学長メッセージ

女子短期大学学長
八耳 俊文
Toshifumi Yatsumimi
1回限りの人生をあなたはどう使うのか
青山学院には、明治初期に設立された「女子小学校」「耕教学舎」「美会神学校」の3つの源流があります。このうち1874(明治7)年、ドーラ・E・スクーンメーカーが現在の東京都港区麻布で始めた「女子小学校」を源とするのが青山学院女子短期大学です。ドーラはアメリカのメソジスト監督派婦人海外伝道局から派遣された女性宣教師で、高等学校を卒業したのち4年間の教員生活を経て来日したのです。彼女の生涯は本学の非常勤講師であった棚村恵子先生が国内のみならずアメリカ各地へ足を伸ばし詳細な調査の上、『しなやかに夢を生きる:青山学院の歴史を拓いた人ドーラ・E・スクーンメーカーの生涯』(2004年)と題する1冊にまとめられています。
この本の「はじめに」で棚村先生はドーラの生涯をふりかえり「1回限りの人生をあなたはどう使うのか」と問いかけておられます。私の専門は科学史で、中国や日本で19世紀から20世紀にかけ科学の活動にたずさわった人々を調べてきました。その中には宣教師として来た人も含みます。これらの人々の生涯を知るにつれ、何度も同様の問いを意識せざるをえませんでした。確かに時代の制約、生まれた環境や稟賦(ひんぷ)の相違、出会った人々に差異はあるかもしれません。でもこうしたもろもろの事情を超え、私も「1回限りの人生をあなたはどう使うのか」という言葉を学生のみなさんへ投げかけたいのです。
青山学院女子短期大学は2012年度から大幅な改組をおこない、現代教養学科と子ども学科の2学科体制となりました。これまでの国文学科、英文学科、家政学科、教養学科、芸術学科、子ども学科の6学科体制で学んだ人には、別の学校に変わったと映るかもしれません。そうではなく国文学科から芸術学科までの5学科を融合して新しい学科「現代教養学科」を立ち上げ、従来各学科ごとに行われてきた学びを本学全体で共有しようというのが今回の改組の趣旨です。キリスト教信仰にもとづき、高度な教養教育を授けるとの青山学院女子短期大学の教育理念には少しの変更もありません。現代教養学科の名称は21世紀を生きる女性に必要な教養とは、社会を導く女性の基盤となる教養とは何かを常に模索するとの私たちの意思を込めたものです。

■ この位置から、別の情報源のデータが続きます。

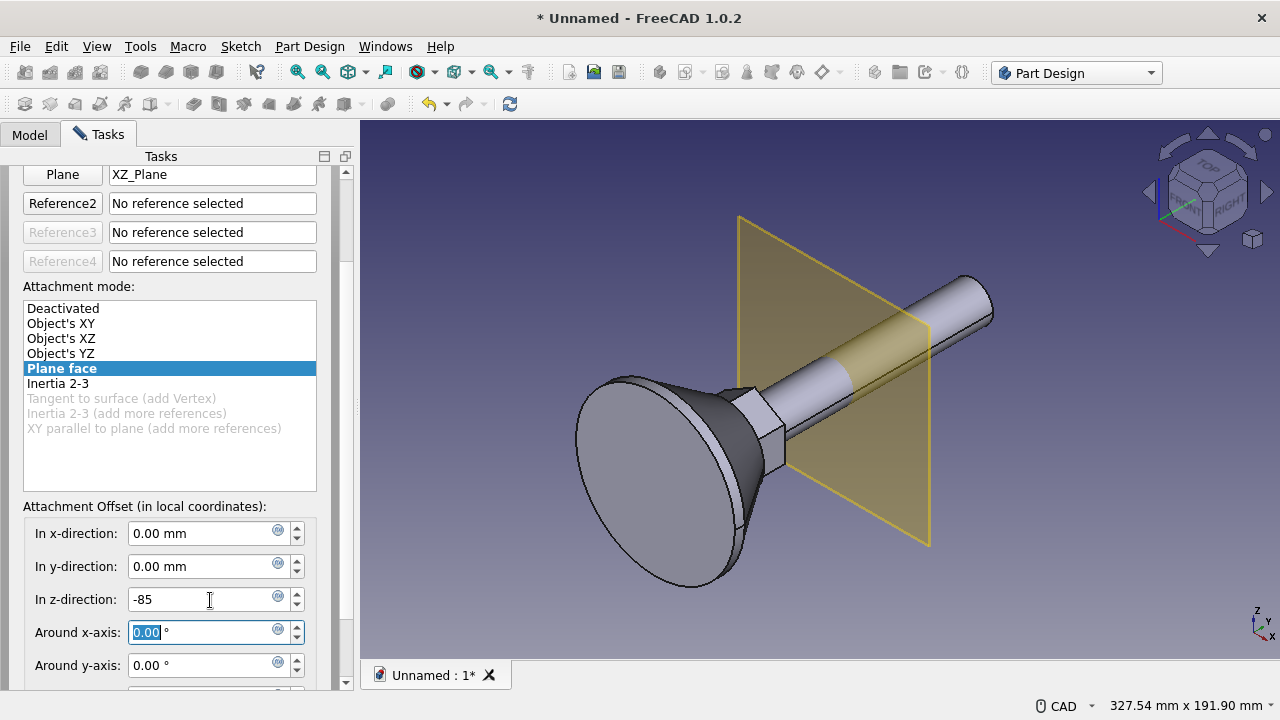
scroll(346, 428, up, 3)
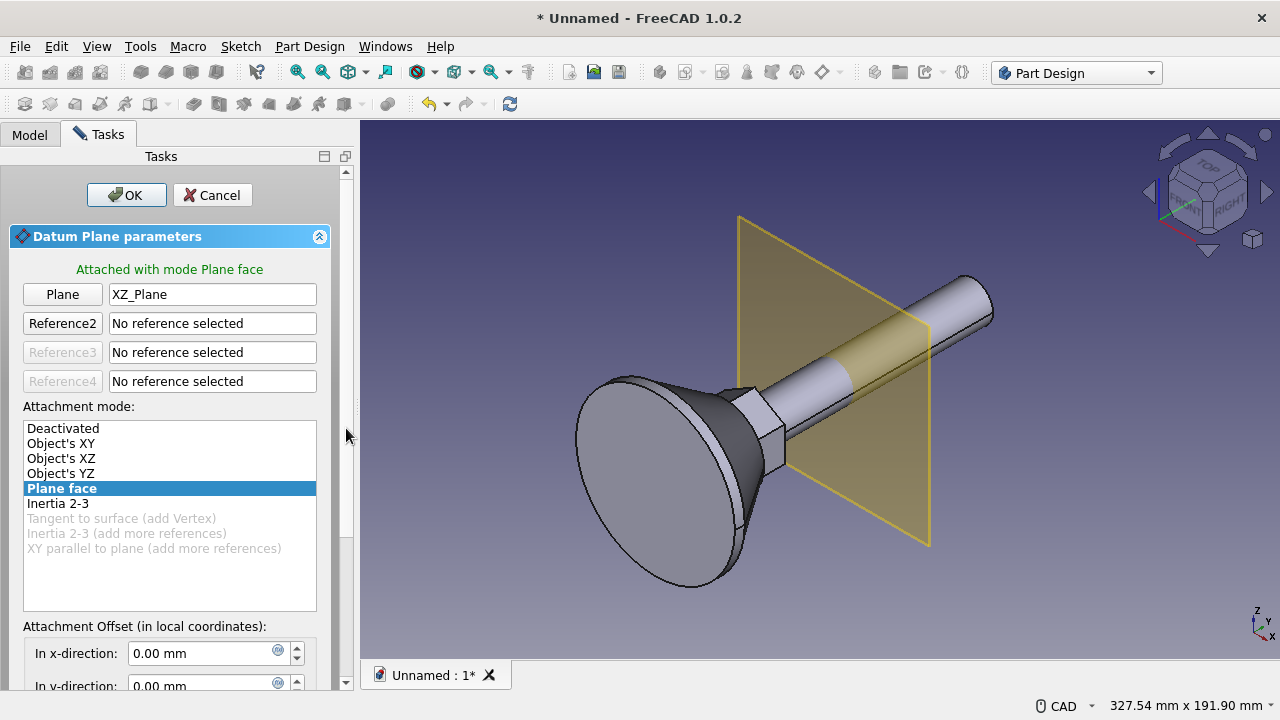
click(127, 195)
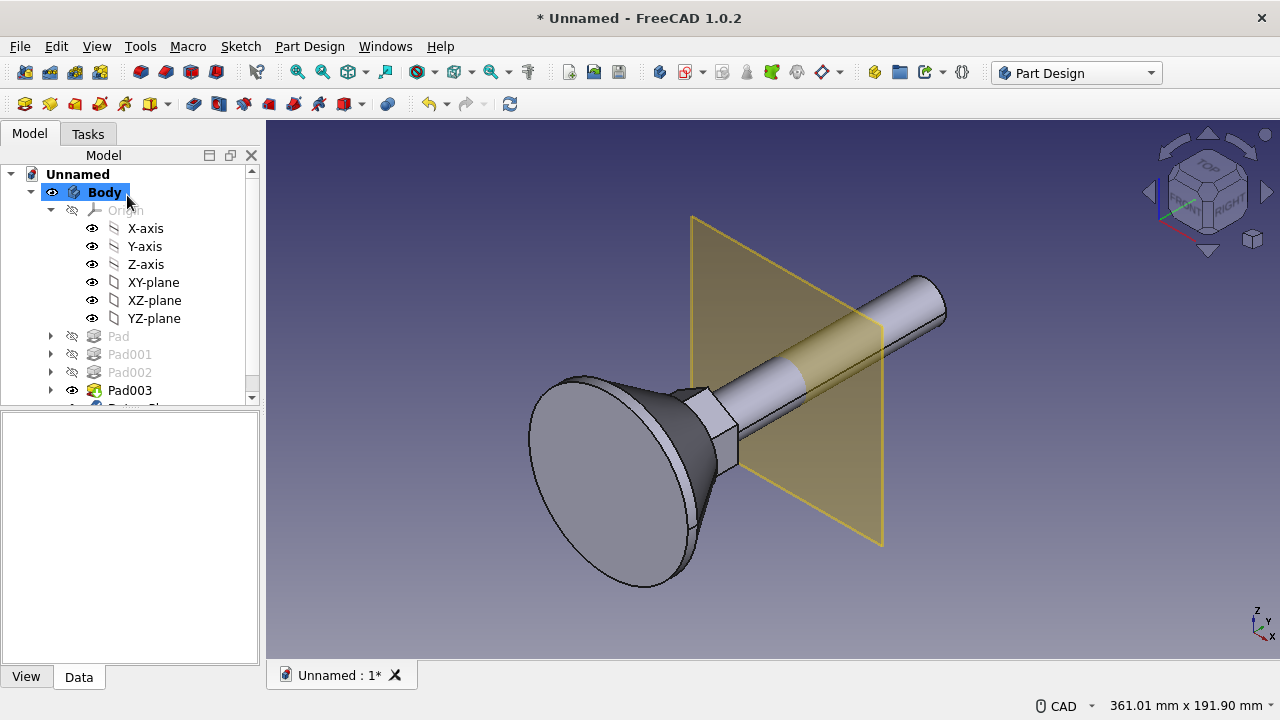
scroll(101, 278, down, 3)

教育理念では「社会のあらゆる局面で積極的に貢献をなし得る覚醒した女性の育成を目指し」と謳いました。人は他者との関係の中で生きるものであり、関係の中で自分がつくられ、自分をつくることにより新たな関係を生みだすことができます。焦る必要はありません。社会があなたに期待するのはどれほどものをよく考えているかです。学びも卒業したら終わりとなるものではありません。学びの構えを身につければ一生、学び続けることができます。こうした生涯にわたって過ごす土台をつくるのが本学の在学期間です。どうか本学での学びに思い切り時間を費やし、考えを深め、自分を創り、人と社会に対する責任を進んで果たす人となられることを期待しています。